Ackerwildkräuter
Die Ackerwildkräuter war eines "seiner Projekte". Seit über 10 Jahren beschäftigte sich Reinhard Urner neben vielen weiteren Themen vor allem um die Akzeptanz und Förderung der Ackerwildkräuter in der Landwirtschaft. Vor einigen Jahrzehnten noch als Unkraut angesehen sind doch so einige Ackerwildkräuter im Landkreis Göttingen, bzw. Land Niedersachsen rar geworden, mehrere sogar über Jahre und Jahrzehnte verschollen. Einige Pflanzen konnte Reinhard wieder entdecken, diese werden nun über Förderprogramme wie die Agrarumweltmaßnahmen erhalten.

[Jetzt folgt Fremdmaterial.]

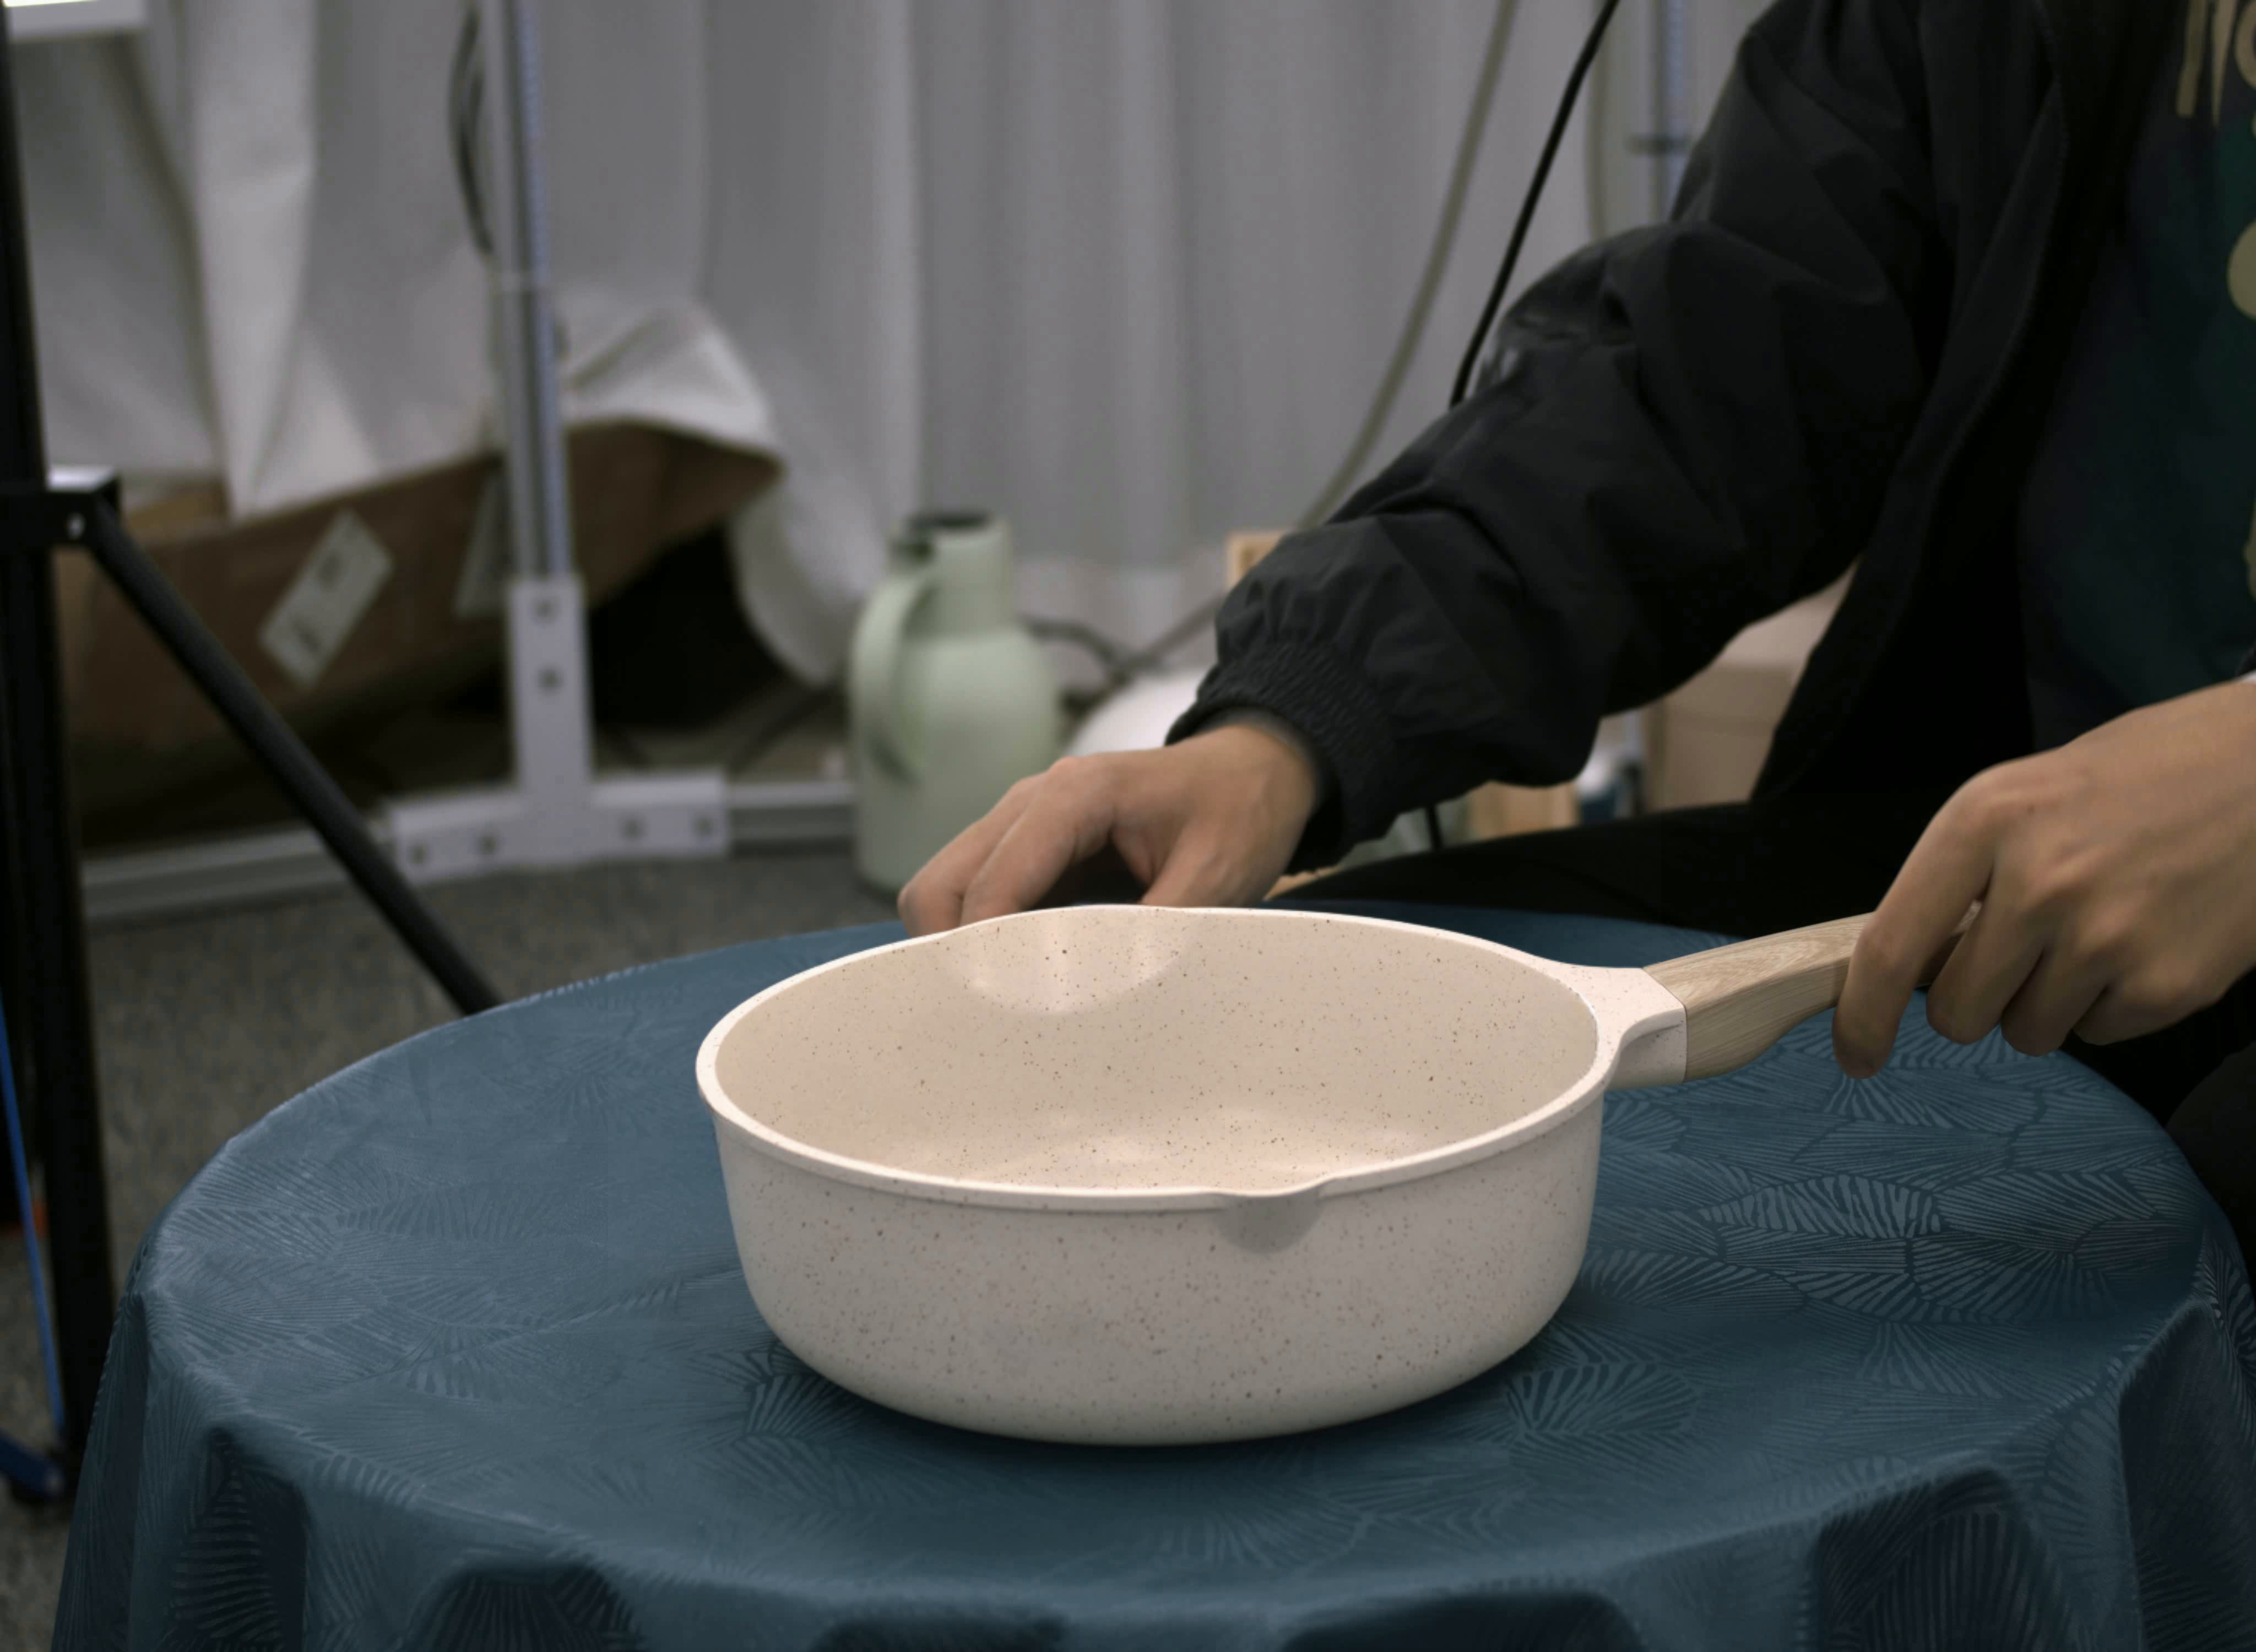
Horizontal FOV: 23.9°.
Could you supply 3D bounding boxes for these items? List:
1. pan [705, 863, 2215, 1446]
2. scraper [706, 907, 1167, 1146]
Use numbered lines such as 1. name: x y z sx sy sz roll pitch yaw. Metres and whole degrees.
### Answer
1. pan: 0.100 0.082 1.458 0.429 0.102 0.267 -5 14 -11
2. scraper: -0.048 0.065 1.676 0.077 0.011 0.208 8 25 30

Reinhard trat aktiv für den Schutz der Ackerwildkräuter ein. Neben der Öffentlichkeitsarbeit, wie etliche Exkursionen, Vorträgen und Interviews befasste er sich seit 2008 mit der Entwicklung von Schutzmaßnahmen für die Ackerwildkräuter im Bereich der Stadt und des Landkreises Göttingen. Dies wurde umso dringlicher, da sich am Ackerrandstreifenprogramm des Landes Niedersachsen kein Landwirt mehr beteiligte. Bei der Erfassung der Ackerwildkräuter glückten ihm einige spektakuläre Neu- und Wiederfunde. So konnten bei Herberhausen die als verschollen geltenden Arten Kleinfrüchtiges Klettenlabkraut (Galium spurium ssp. spurium), das zuletzt etwa 1870 in Niedersachsen nachgewiesen wurde und das Dreihörnige Labkraut (Galium tricornutum), das seit etwa 1990 als verschollen galt, gefunden werden. Außerdem gelang bei Dransfeld der Nachweis eines weiteren Standorts des Rispen-Lieschgrases (Phleum paniculatum). Damit hat sich der Bestand von ursprünglich einem auf nunmehr drei Standorte in Niedersachsen erhöht, die alle im Landkreis Göttingen liegen.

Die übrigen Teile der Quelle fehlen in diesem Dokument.